08/28/2013 05:10 pm ET Updated Oct 28, 2013

Why His Dream Has Not Come True

Today we celebrate the 50th anniversary of the March on Washington for Jobs and Freedom. On August 28, 1963, more than 200,000 people gathered on the National Mall, along with the millions more who watched on television, to hear the Rev. Martin Luther King Jr. deliver his "I Have a Dream" speech. Yet 50 years later, our country remains tragically divided.

Perhaps, the election of our first Black president tells the world that quantum leaps have been made by us to close the racial divide. But as a civil rights attorney in Florida for more than 20 years, I continue to see very little change in the number of African-American lawyers, judges, and jurors.

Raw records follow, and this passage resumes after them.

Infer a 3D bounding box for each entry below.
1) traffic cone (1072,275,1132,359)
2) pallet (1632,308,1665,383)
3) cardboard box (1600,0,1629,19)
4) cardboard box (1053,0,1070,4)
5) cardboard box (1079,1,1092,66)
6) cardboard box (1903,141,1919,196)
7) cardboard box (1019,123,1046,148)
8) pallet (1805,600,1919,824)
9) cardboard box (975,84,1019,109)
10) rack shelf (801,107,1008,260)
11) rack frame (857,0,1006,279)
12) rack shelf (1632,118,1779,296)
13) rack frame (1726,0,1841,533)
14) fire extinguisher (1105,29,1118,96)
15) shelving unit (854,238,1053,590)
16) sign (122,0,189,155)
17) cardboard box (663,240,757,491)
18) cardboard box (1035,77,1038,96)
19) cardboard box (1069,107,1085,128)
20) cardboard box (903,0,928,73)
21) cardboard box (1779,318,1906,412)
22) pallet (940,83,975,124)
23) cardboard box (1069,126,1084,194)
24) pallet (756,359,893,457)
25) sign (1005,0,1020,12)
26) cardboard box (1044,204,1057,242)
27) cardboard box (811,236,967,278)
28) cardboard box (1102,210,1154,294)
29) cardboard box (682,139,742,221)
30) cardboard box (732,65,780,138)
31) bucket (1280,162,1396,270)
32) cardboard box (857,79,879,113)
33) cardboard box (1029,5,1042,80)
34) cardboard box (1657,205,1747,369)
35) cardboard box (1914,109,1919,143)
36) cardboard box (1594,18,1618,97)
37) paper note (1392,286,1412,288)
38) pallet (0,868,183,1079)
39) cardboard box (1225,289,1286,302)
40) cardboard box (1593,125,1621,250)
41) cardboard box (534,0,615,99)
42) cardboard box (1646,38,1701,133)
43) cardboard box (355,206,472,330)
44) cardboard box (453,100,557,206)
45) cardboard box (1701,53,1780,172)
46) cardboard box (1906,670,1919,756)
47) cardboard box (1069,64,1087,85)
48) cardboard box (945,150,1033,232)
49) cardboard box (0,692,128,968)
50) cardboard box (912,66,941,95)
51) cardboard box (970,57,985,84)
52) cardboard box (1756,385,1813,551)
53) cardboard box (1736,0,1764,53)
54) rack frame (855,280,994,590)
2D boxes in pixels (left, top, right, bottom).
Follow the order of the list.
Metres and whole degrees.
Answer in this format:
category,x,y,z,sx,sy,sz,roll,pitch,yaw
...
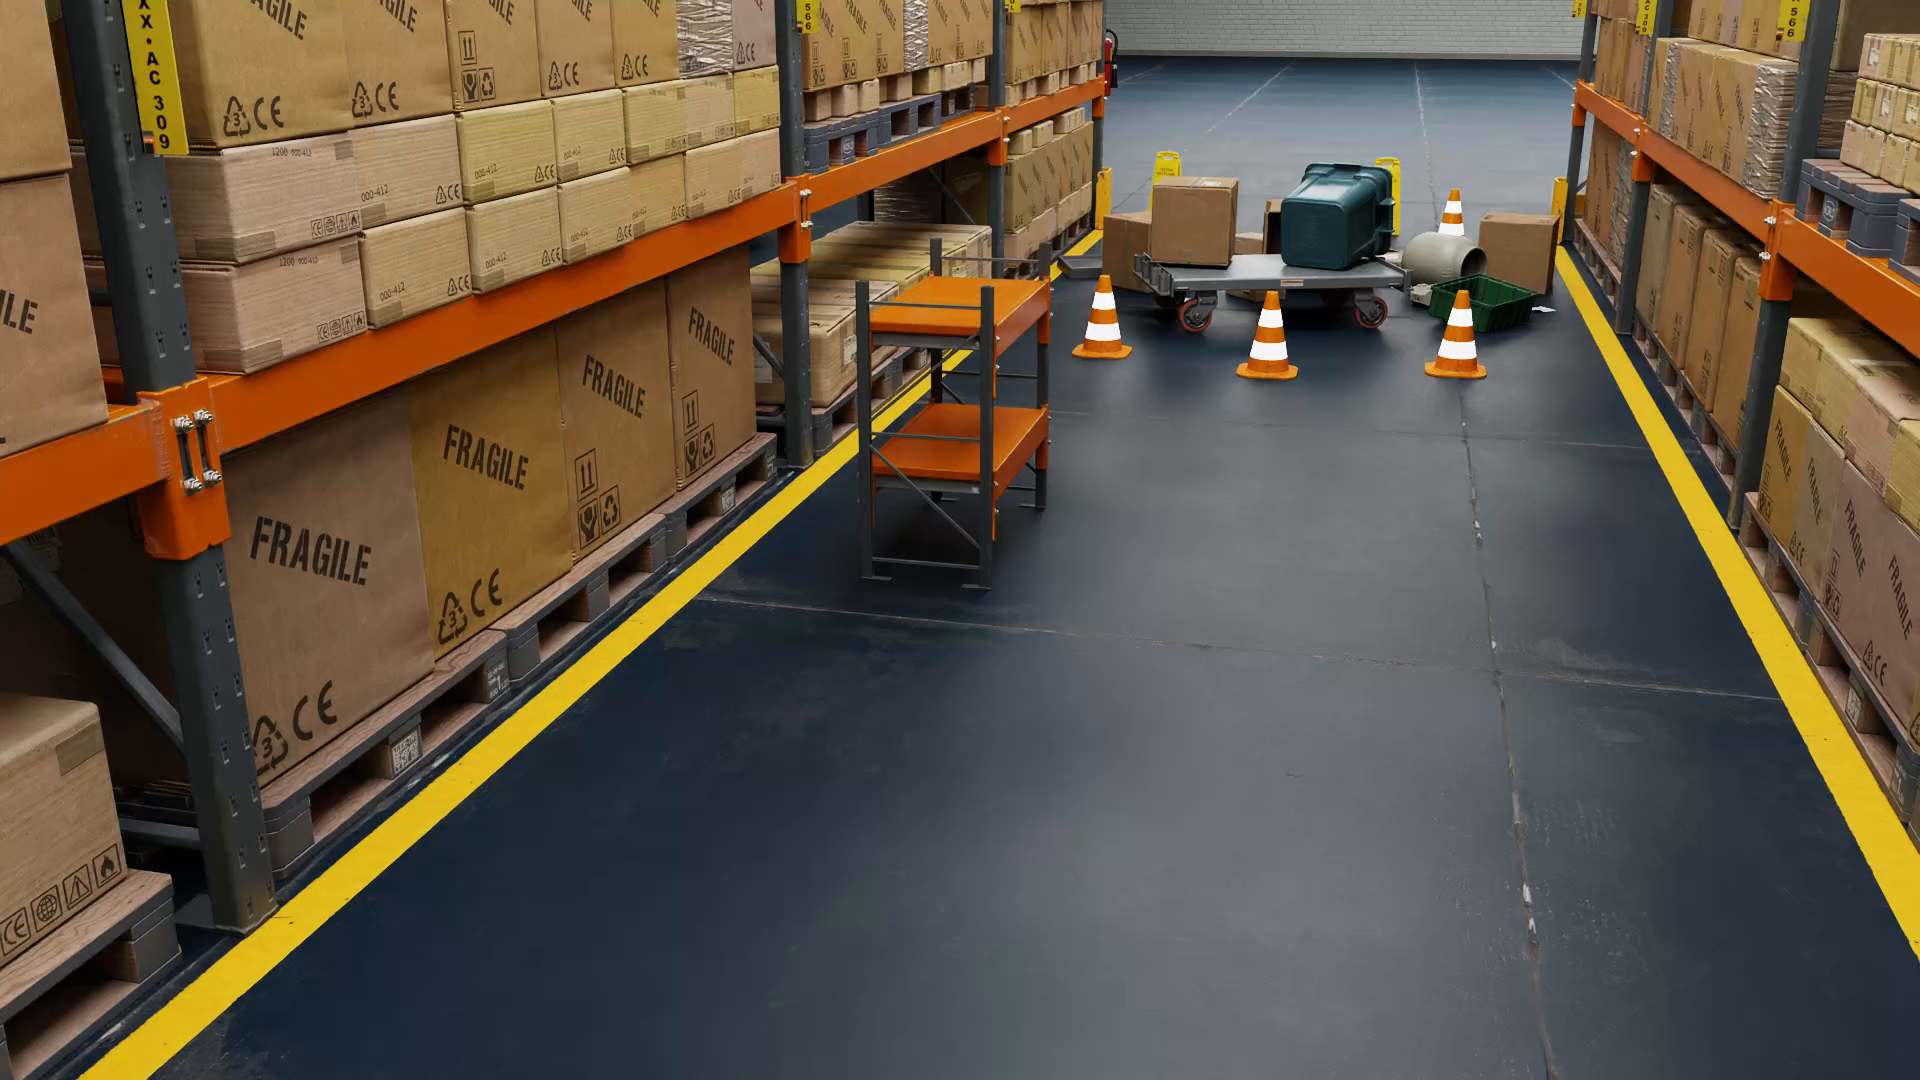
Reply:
category,x,y,z,sx,sy,sz,roll,pitch,yaw
traffic cone,0.854,-1.345,9.909,0.336,0.463,0.334,5,19,13
pallet,4.508,-1.118,9.634,1.003,0.211,1.213,5,19,13
cardboard box,5.159,-4.063,12.040,0.875,0.550,0.550,5,19,13
cardboard box,0.412,-4.140,12.006,0.700,0.500,0.500,4,19,12
cardboard box,0.784,-4.138,13.546,0.500,0.500,0.500,5,19,14
cardboard box,3.146,-1.134,5.105,0.380,0.149,0.250,6,20,16
cardboard box,0.418,-2.963,12.163,0.380,0.149,0.250,5,20,15
pallet,3.154,0.514,4.856,1.003,0.211,1.213,5,19,13
cardboard box,0.187,-2.999,11.216,0.380,0.149,0.250,5,19,13
rack shelf,-0.690,-2.077,9.241,1.077,0.370,4.000,5,19,13
rack frame,-0.201,-3.044,10.960,1.000,3.000,0.127,5,19,13
rack shelf,4.135,-1.718,8.189,1.077,0.370,4.000,5,19,13
rack frame,3.646,-1.431,6.238,1.000,3.000,0.127,5,19,13
fire extinguisher,1.251,-4.261,14.642,0.296,0.674,0.183,5,19,13
shelving unit,-0.002,-0.530,6.500,0.538,1.125,1.048,5,19,13
sign,-1.617,-0.941,3.339,0.100,0.325,0.005,5,19,13
cardboard box,-1.428,-0.774,6.951,0.875,0.875,0.875,4,19,13
cardboard box,0.363,-3.329,12.181,0.380,0.149,0.250,5,19,13
cardboard box,0.809,-3.465,13.633,0.380,0.149,0.250,5,20,15
cardboard box,-0.470,-2.787,8.943,0.500,0.500,0.500,4,19,11
cardboard box,3.243,-0.605,5.876,0.500,0.250,0.500,4,19,11
pallet,-0.529,-2.726,10.323,1.003,0.211,1.213,5,19,13
cardboard box,0.709,-3.115,13.611,0.500,0.500,0.500,5,20,15
pallet,-0.986,-0.716,8.457,1.003,0.211,1.213,5,19,13
sign,0.338,-3.550,10.648,0.100,0.325,0.005,5,19,13
cardboard box,0.452,-2.440,12.796,0.500,0.250,0.500,4,19,13
cardboard box,-0.499,-1.609,10.175,0.950,0.372,0.625,6,20,17
cardboard box,1.380,-2.091,12.032,0.500,0.500,0.500,-13,23,-34
cardboard box,-1.160,-1.379,6.317,0.500,0.250,0.500,5,19,14
cardboard box,-1.050,-1.784,6.730,0.500,0.250,0.500,5,19,13
bucket,2.421,-2.080,10.850,0.726,0.611,0.620,12,32,32
cardboard box,-0.618,-2.210,8.257,0.380,0.149,0.250,5,19,14
cardboard box,0.277,-3.508,11.701,0.500,0.500,0.500,5,19,13
cardboard box,4.320,-1.316,8.729,1.050,0.750,0.750,5,19,13
cardboard box,3.146,-1.268,5.039,0.380,0.149,0.250,5,19,14
cardboard box,5.182,-3.550,12.209,0.875,0.550,0.550,5,19,13
paper note,3.181,-1.847,12.059,0.172,0.023,0.155,12,22,32
pallet,-2.417,1.015,3.390,1.003,0.211,1.213,5,19,13
cardboard box,2.079,-1.836,11.653,0.258,0.266,0.396,-9,21,-24
cardboard box,5.286,-2.638,12.409,0.875,0.875,0.875,4,19,13
cardboard box,-1.427,-1.654,5.187,0.500,0.500,0.500,4,19,12
cardboard box,4.234,-2.589,9.472,0.500,0.500,0.500,5,19,14
cardboard box,-1.667,-0.745,4.461,0.500,0.250,0.500,4,19,12
cardboard box,-1.525,-1.140,4.843,0.500,0.250,0.500,5,19,14
cardboard box,3.741,-1.954,7.613,0.500,0.500,0.500,4,19,12
cardboard box,2.731,0.394,4.112,0.500,0.500,0.500,4,19,12
cardboard box,0.821,-3.795,13.547,0.380,0.149,0.250,5,19,14
cardboard box,0.205,-2.460,11.695,0.500,0.500,0.500,6,20,16
cardboard box,-2.413,0.665,3.414,0.875,0.438,0.875,4,19,13
cardboard box,-0.322,-2.623,9.464,0.380,0.149,0.250,5,19,13
cardboard box,-0.059,-2.941,10.397,0.380,0.149,0.250,5,19,14
cardboard box,3.226,-0.246,5.984,0.500,0.500,0.500,4,19,11
cardboard box,4.136,-2.572,7.875,0.700,0.500,0.500,4,19,13
rack frame,-0.126,-0.371,6.033,0.500,1.125,0.032,5,19,13

For example, according to the 2012 United States Census, Miami-Dade has an African-American population of nearly 20 percent. Yet, currently there are no African-American judges sitting in the family division of Miami's 11th Judicial Circuit; only three out of 28 judges are African-American on the civil circuit court bench. And according to the Florida Bar, as of 2007, only 6.7 percent of the 990 judges in Florida are African-American.

I have employed Black lawyers before; currently no one on my staff is Black. One reason may be that so few law students and lawyers are Black. This may be because Florida's overcrowded law schools are failing to admit Black students. In 2004-2005, the overall population in Florida law schools was 6,605, and only 8.75 percent were African-American.

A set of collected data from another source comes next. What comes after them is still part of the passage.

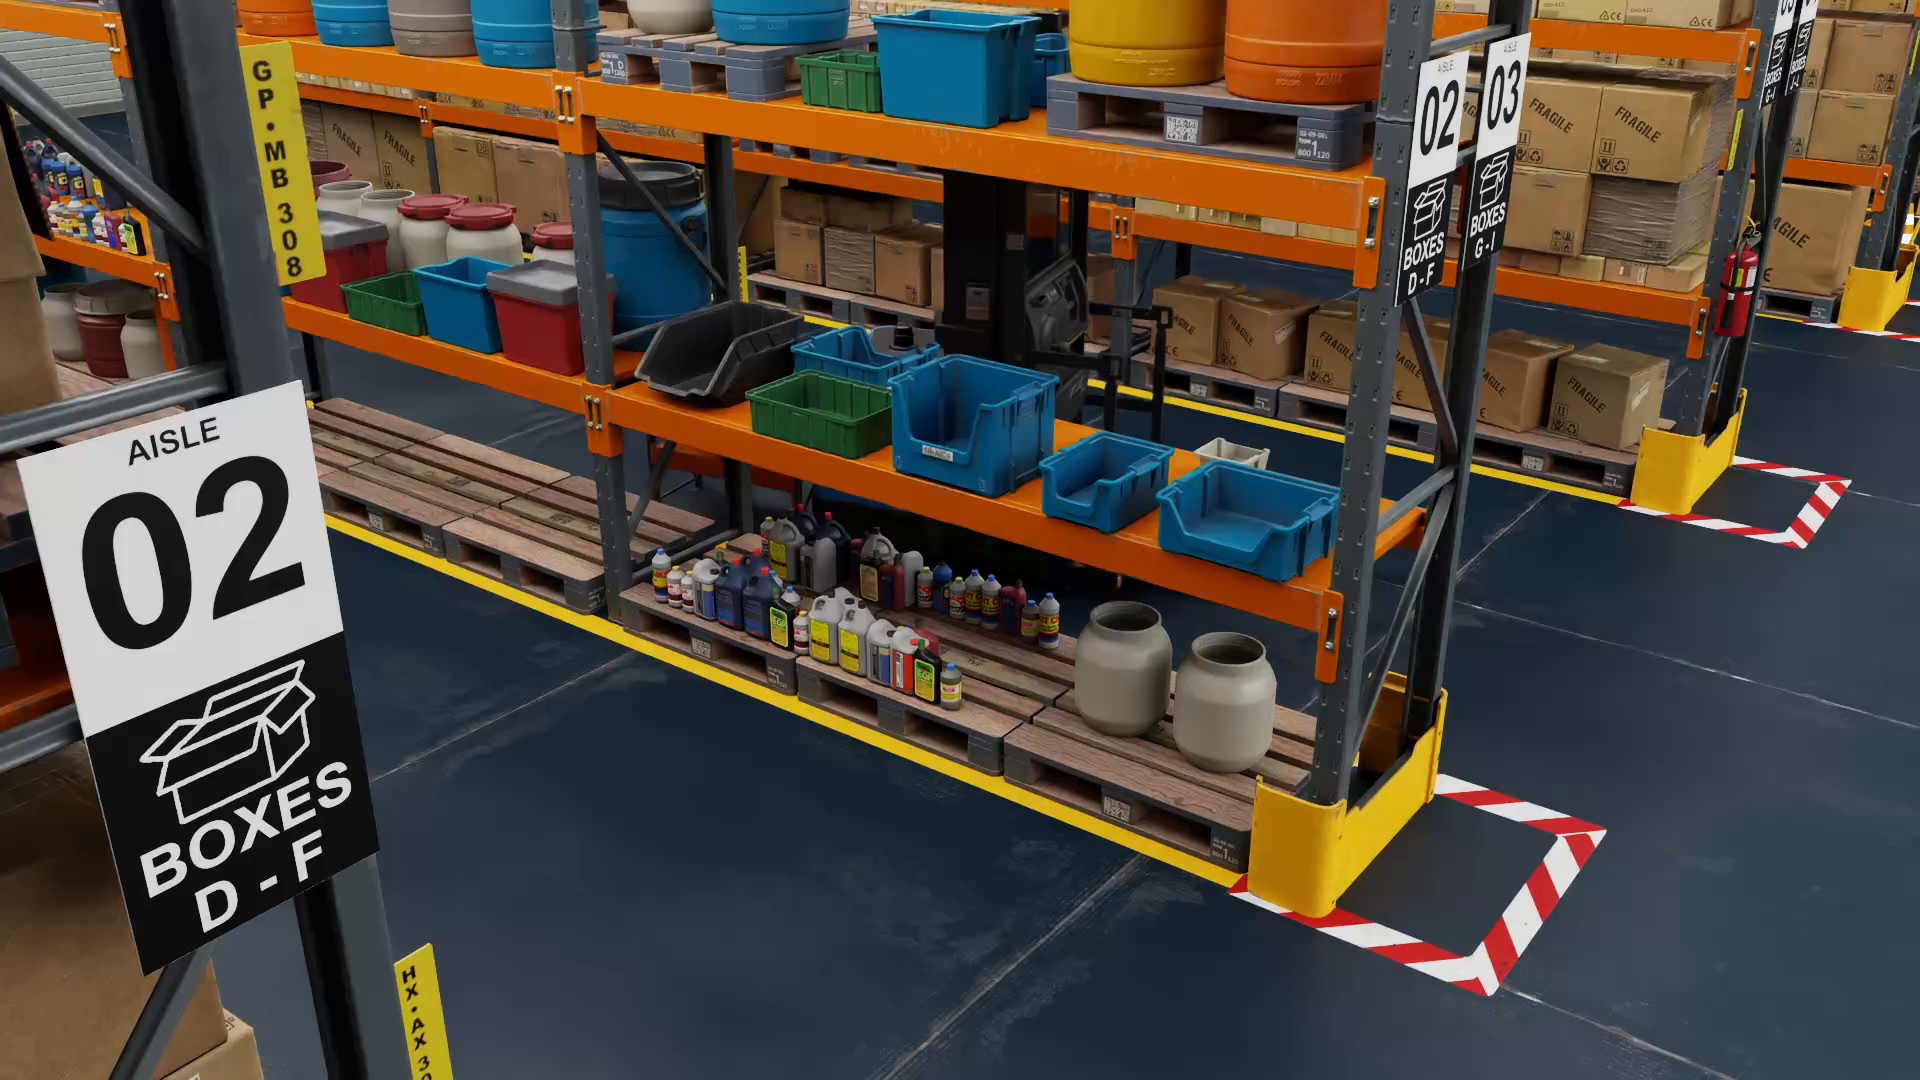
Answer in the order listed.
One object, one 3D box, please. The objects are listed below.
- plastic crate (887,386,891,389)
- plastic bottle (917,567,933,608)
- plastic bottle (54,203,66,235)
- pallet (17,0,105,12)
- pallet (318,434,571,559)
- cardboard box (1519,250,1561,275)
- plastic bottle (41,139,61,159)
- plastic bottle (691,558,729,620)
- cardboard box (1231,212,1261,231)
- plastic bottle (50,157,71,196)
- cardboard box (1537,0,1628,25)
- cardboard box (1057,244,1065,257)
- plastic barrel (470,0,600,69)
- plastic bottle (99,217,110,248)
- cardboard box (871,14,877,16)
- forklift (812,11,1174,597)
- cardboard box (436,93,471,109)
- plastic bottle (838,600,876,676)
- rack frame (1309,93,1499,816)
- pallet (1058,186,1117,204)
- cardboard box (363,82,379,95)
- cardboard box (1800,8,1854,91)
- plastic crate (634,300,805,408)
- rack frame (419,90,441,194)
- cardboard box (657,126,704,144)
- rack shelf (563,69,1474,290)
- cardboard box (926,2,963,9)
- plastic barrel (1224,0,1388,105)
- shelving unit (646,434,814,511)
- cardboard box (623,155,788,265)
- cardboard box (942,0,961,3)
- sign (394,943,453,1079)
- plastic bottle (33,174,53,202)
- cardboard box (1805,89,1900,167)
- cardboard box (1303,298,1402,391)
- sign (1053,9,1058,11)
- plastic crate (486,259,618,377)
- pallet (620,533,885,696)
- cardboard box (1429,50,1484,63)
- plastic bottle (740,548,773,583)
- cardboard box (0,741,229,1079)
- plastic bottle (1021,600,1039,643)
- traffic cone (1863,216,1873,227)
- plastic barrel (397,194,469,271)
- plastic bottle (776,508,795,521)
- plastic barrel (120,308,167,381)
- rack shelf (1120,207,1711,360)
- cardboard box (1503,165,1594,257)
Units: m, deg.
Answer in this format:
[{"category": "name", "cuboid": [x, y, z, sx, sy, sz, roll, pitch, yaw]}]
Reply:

One notable exception is Florida's newest law school, Florida A&M University College of Law, with an enrollment of 45.9 percent African-American full-time students, and 33.9 percent Black part-time students in 2005-2006. But that school graduated its first class in 2005. The scarcity of Black law students elsewhere may reflect the reversal of hard-won segregation laws that have affected our public schools. The UCLA Civil Rights Project recently reported that Black students today are just as segregated from White students as they were during Reverend King's speech, and that one out of every six Black students attends a high-poverty, or a de facto "apartheid school," with no white students, fewer resources, and under-qualified teachers.

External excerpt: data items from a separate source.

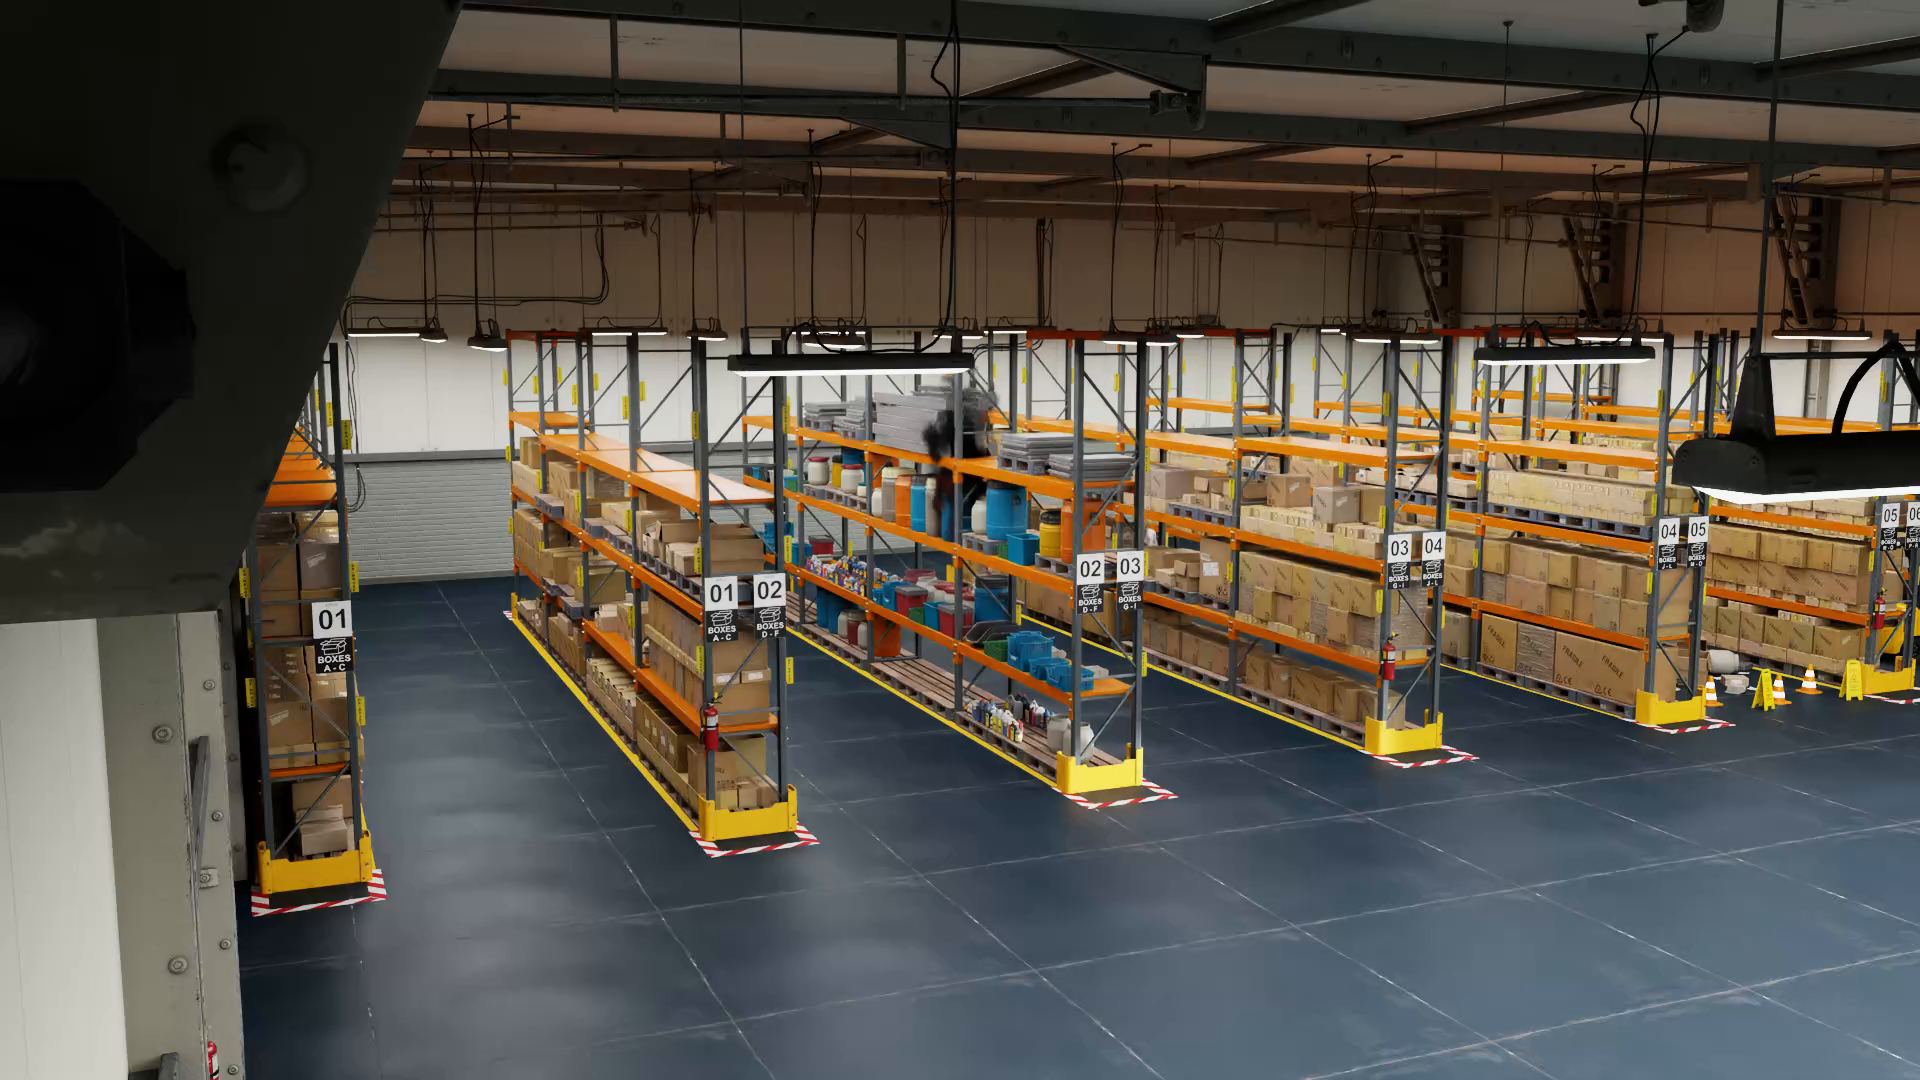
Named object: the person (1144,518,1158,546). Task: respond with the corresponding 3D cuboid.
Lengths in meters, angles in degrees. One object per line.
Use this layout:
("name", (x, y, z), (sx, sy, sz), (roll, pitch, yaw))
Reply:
("person", (4.150, 0.371, 37.580), (0.712, 1.758, 0.826), (-2, 8, -13))

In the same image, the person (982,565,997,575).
("person", (0.574, 1.196, 31.766), (0.532, 1.651, 0.539), (-4, 9, -30))

Fewer Black law students graduating from law schools result in fewer Black lawyers. According to the 2006 Florida Bar fee statement, of the nearly 55,000 lawyers licensed in Florida, only 1,767 are Black. And in a recent survey by Economics and Law Office Management, only three percent of lawyers in our country are African-American.

Currently my law firm is not representing a single Black client in a cruise ship accident, theme park incident, or medical malpractice case. Is it by design, or are fewer Black people going on cruises, visiting Walt Disney World, or having artificial hips implanted?

Rarely do I try a personal injury or medical malpractice trial when an African-American juror is not stricken by the defense, often under a ridiculous pretext because of some purported myth that Black jurors are more likely to award bigger verdicts to victims.

As lawyers we are responsible for being the catalysts for justice. For Reverend's King's dream to come true, we as a society need to start by motivating and helping more people of color to become lawyers. Lawyers today can do something, such as participating in events like the Miami-Dade Commission on Ethics and Public Trust's Ethical Governance Day on October 22, 2013. The event gives lawyers an opportunity to speak to public high school seniors about the law, public service, justice and ethics; and hopefully inspire the change Reverend King spoke of -- one day and one person at a time.